── Input for this task ──

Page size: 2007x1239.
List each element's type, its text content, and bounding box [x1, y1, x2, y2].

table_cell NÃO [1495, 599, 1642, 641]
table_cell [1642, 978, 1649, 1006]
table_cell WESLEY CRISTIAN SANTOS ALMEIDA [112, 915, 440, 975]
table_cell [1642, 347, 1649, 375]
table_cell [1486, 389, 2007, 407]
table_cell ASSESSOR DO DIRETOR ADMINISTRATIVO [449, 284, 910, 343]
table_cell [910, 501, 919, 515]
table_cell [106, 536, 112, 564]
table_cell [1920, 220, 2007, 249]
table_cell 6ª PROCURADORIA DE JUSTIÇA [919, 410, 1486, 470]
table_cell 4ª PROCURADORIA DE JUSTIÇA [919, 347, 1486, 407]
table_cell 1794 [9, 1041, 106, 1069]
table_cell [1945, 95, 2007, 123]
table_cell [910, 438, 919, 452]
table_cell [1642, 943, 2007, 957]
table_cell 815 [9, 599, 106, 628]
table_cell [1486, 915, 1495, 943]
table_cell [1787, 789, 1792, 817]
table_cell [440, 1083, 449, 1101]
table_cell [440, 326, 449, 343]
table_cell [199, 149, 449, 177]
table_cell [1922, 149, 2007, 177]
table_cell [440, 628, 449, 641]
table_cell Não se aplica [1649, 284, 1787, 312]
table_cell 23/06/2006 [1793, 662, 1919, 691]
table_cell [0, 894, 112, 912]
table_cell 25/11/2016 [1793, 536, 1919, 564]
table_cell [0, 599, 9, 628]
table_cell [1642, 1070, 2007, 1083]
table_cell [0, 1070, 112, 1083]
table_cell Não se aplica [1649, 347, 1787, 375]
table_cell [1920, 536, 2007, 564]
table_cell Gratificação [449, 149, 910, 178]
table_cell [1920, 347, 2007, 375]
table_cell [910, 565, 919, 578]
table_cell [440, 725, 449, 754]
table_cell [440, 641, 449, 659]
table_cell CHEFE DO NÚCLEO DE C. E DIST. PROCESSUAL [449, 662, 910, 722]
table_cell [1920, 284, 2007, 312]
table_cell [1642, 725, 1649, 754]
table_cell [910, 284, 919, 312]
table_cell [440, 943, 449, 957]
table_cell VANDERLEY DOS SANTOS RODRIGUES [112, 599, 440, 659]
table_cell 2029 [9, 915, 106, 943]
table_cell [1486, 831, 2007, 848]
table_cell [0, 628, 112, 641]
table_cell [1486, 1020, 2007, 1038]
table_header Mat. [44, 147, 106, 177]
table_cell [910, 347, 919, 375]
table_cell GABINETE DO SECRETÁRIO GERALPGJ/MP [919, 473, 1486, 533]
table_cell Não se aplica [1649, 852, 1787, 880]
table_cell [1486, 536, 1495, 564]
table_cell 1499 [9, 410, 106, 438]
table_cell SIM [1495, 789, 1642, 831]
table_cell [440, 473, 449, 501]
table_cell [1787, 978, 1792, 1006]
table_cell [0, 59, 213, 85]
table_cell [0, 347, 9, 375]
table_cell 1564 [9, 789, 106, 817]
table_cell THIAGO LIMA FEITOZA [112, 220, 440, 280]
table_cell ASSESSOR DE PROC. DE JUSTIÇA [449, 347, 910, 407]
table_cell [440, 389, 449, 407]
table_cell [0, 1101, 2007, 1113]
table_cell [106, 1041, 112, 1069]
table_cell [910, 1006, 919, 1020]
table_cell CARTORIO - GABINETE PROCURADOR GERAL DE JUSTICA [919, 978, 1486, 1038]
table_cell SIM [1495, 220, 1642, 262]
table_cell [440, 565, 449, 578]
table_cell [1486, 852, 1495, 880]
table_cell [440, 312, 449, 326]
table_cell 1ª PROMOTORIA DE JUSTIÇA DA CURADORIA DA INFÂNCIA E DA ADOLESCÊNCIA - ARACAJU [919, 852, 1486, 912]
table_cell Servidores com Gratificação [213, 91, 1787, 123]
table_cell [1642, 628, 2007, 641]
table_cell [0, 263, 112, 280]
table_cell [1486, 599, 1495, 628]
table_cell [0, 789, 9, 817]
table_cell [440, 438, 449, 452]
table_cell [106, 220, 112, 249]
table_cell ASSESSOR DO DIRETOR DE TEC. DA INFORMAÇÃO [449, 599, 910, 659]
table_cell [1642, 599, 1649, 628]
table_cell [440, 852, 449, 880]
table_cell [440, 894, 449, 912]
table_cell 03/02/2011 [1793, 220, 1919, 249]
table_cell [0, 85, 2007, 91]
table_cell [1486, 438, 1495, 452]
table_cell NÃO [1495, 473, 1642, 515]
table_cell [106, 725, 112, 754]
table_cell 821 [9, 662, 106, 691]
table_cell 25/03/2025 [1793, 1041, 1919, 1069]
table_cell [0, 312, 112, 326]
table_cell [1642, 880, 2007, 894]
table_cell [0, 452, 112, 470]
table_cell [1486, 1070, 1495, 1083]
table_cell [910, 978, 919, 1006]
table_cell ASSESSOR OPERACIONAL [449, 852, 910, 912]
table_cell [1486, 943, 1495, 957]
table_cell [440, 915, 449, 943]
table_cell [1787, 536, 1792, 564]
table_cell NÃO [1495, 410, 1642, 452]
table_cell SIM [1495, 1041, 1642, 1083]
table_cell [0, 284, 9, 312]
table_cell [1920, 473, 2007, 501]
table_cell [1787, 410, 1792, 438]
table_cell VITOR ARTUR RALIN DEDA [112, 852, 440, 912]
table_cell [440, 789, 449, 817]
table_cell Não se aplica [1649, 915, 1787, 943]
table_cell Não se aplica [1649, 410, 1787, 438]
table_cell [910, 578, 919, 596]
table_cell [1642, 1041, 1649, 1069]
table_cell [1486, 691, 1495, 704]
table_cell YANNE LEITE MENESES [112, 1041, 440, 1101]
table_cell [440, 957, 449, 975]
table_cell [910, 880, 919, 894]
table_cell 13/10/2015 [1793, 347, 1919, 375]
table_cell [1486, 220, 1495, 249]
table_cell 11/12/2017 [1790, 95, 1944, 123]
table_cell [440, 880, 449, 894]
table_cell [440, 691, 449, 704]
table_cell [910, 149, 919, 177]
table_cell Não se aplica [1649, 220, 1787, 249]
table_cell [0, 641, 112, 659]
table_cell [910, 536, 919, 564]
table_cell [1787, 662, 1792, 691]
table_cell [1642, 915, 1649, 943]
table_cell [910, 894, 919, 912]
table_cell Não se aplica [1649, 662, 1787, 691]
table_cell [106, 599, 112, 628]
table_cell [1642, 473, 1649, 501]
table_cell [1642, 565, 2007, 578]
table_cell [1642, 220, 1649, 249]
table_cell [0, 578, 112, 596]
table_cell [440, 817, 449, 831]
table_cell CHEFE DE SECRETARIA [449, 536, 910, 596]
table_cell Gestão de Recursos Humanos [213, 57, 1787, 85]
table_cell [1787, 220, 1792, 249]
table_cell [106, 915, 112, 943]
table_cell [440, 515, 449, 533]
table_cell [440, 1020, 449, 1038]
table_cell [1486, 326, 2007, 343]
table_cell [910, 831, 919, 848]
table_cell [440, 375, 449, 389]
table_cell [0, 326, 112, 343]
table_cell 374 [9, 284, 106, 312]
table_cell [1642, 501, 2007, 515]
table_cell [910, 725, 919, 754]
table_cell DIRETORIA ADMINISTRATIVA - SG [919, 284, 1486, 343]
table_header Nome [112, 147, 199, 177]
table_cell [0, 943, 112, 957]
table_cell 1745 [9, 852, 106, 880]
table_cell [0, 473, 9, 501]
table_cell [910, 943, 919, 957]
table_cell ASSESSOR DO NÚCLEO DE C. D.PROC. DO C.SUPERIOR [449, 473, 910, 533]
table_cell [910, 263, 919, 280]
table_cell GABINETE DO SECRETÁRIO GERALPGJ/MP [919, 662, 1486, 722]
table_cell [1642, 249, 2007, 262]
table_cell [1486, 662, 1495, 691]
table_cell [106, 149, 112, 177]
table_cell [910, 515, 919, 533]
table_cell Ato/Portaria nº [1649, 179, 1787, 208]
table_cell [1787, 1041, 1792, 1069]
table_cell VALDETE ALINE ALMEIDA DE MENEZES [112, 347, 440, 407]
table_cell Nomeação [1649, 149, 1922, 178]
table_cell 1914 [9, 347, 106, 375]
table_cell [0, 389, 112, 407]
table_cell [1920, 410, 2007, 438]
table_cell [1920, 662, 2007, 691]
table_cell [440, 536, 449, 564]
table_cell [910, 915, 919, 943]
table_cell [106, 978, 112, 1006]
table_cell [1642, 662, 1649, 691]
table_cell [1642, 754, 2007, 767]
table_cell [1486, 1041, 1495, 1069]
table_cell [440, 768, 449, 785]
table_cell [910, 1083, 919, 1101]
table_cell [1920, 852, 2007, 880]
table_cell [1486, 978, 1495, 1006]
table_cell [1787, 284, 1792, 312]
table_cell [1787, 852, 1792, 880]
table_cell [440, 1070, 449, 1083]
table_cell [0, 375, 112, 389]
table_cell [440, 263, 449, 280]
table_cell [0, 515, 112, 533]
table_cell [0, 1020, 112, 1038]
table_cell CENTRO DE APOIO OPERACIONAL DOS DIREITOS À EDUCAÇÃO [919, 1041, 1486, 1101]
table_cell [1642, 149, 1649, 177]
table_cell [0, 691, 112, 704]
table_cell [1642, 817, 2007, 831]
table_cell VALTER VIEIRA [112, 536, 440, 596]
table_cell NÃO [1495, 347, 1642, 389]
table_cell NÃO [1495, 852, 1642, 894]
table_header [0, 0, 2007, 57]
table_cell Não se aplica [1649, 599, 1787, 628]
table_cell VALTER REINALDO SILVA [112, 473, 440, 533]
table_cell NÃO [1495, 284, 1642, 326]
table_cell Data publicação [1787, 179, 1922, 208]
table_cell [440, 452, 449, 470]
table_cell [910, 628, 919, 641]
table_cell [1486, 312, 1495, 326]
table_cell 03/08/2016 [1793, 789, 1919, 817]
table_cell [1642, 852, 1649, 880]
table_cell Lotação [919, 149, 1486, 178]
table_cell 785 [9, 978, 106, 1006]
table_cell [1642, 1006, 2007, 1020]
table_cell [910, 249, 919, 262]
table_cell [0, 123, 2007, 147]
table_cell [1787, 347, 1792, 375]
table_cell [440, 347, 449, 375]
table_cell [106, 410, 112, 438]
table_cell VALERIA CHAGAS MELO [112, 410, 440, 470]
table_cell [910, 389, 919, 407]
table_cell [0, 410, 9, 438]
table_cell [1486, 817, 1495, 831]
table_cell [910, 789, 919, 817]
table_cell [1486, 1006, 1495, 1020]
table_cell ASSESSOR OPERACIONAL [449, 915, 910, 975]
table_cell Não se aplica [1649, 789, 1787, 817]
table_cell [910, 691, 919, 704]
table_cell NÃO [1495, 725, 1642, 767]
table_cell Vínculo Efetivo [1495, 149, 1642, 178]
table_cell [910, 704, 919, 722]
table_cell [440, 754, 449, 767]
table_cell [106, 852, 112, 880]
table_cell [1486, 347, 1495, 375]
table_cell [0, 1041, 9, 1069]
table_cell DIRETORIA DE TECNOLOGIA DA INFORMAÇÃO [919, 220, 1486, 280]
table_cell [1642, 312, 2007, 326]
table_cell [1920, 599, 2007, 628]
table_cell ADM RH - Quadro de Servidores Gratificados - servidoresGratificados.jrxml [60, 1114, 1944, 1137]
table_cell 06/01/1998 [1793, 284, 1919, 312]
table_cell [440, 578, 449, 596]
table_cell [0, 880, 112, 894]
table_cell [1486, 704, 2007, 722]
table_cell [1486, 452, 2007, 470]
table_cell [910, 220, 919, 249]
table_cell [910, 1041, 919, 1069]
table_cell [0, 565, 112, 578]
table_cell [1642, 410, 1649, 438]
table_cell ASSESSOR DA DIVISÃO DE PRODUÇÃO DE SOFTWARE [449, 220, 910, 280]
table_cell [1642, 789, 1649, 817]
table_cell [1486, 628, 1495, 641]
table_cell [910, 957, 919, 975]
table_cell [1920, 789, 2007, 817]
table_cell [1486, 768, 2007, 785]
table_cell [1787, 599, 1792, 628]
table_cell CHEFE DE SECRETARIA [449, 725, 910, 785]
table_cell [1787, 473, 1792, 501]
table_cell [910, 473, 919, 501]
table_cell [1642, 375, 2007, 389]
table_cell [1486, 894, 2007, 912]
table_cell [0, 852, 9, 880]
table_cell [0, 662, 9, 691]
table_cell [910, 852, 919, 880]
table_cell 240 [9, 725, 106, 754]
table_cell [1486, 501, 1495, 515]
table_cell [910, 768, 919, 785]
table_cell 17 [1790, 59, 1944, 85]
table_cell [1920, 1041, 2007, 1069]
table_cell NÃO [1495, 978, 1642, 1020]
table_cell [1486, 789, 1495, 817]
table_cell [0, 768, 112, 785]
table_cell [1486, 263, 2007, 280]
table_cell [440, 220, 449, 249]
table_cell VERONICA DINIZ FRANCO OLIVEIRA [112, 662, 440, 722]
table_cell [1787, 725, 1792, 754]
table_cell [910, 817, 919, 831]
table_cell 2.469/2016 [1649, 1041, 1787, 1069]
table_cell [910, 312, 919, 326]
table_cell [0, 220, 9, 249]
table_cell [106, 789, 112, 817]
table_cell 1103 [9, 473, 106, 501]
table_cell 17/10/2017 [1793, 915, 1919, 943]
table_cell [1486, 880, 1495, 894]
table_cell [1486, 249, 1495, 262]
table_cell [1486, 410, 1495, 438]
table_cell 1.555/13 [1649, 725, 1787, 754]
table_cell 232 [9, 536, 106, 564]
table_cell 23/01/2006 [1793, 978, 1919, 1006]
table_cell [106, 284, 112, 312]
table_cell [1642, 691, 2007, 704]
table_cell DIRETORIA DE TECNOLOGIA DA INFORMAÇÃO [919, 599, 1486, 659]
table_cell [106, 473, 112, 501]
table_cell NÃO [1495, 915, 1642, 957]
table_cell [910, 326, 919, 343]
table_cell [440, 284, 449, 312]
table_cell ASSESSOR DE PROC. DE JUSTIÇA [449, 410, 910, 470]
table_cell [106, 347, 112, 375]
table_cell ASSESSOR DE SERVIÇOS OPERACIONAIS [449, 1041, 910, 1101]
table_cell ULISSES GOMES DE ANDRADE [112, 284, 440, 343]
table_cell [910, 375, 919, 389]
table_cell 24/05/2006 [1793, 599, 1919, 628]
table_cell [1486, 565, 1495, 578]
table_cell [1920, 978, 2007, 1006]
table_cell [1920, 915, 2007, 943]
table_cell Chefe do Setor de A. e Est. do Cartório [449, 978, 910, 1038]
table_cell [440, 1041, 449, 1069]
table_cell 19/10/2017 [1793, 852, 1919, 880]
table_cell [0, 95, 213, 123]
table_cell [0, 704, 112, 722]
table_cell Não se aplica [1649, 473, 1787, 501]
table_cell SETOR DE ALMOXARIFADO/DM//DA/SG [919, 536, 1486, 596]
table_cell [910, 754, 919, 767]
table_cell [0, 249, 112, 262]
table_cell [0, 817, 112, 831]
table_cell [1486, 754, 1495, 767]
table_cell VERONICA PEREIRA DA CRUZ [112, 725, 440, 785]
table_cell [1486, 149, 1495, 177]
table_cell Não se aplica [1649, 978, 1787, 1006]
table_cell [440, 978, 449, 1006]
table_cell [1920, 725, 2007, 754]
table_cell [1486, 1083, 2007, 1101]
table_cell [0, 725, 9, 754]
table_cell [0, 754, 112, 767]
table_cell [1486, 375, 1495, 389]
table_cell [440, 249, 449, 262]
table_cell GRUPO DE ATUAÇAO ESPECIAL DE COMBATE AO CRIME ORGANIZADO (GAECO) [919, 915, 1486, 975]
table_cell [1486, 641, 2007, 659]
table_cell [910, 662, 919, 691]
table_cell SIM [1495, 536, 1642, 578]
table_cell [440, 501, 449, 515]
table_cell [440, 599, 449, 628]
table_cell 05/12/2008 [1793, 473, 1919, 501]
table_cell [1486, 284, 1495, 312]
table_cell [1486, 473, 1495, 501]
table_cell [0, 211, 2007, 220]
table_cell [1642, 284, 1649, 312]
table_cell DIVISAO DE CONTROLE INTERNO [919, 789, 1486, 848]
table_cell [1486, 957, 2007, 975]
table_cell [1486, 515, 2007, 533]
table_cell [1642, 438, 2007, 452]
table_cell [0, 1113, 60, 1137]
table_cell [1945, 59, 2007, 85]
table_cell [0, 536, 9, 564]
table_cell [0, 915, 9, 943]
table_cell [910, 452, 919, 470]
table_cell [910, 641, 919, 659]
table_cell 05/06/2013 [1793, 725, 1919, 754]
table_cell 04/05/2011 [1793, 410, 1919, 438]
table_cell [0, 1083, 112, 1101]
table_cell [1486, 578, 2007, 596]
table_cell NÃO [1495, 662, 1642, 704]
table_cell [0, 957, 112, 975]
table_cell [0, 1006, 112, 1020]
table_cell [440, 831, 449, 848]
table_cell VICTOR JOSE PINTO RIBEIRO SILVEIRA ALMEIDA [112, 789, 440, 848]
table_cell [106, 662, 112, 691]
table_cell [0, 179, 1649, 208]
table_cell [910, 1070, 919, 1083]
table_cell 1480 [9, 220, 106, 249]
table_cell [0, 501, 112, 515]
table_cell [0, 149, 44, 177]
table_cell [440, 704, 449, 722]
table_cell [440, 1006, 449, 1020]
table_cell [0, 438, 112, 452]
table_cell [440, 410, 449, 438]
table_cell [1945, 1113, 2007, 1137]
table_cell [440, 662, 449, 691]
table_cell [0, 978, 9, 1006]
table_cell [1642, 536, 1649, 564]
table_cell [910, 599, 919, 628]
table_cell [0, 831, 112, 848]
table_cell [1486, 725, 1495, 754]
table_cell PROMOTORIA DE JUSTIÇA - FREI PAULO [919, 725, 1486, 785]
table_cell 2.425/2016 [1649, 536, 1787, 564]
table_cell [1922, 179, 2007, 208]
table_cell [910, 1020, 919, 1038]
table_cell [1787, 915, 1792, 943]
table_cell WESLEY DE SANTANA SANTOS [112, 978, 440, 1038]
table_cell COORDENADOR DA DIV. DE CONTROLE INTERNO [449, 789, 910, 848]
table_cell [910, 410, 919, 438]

───

### Exercise
Please give an exact copy of the entries above, from the line with "table_cell Não se aplica [1649, 599, 1787, 628]" down to the line with "table_cell [1642, 312, 2007, 326]", inclusive, and nothing else.

### Output for this task
table_cell Não se aplica [1649, 599, 1787, 628]
table_cell VALTER REINALDO SILVA [112, 473, 440, 533]
table_cell NÃO [1495, 284, 1642, 326]
table_cell Data publicação [1787, 179, 1922, 208]
table_cell [440, 452, 449, 470]
table_cell [910, 628, 919, 641]
table_cell [1486, 312, 1495, 326]
table_cell 03/08/2016 [1793, 789, 1919, 817]
table_cell [1642, 852, 1649, 880]
table_cell Lotação [919, 149, 1486, 178]
table_cell 785 [9, 978, 106, 1006]
table_cell [1642, 1006, 2007, 1020]
table_cell [910, 249, 919, 262]
table_cell [0, 123, 2007, 147]
table_cell [1787, 347, 1792, 375]
table_cell [440, 347, 449, 375]
table_cell [106, 410, 112, 438]
table_cell VALERIA CHAGAS MELO [112, 410, 440, 470]
table_cell [910, 389, 919, 407]
table_cell [0, 410, 9, 438]
table_cell [1486, 817, 1495, 831]
table_cell [910, 789, 919, 817]
table_cell [1486, 1006, 1495, 1020]
table_cell ASSESSOR OPERACIONAL [449, 915, 910, 975]
table_cell Não se aplica [1649, 789, 1787, 817]
table_cell [910, 691, 919, 704]
table_cell NÃO [1495, 725, 1642, 767]
table_cell Vínculo Efetivo [1495, 149, 1642, 178]
table_cell [910, 704, 919, 722]
table_cell [440, 754, 449, 767]
table_cell [106, 852, 112, 880]
table_cell [1486, 347, 1495, 375]
table_cell [0, 1041, 9, 1069]
table_cell DIRETORIA DE TECNOLOGIA DA INFORMAÇÃO [919, 220, 1486, 280]
table_cell [1642, 312, 2007, 326]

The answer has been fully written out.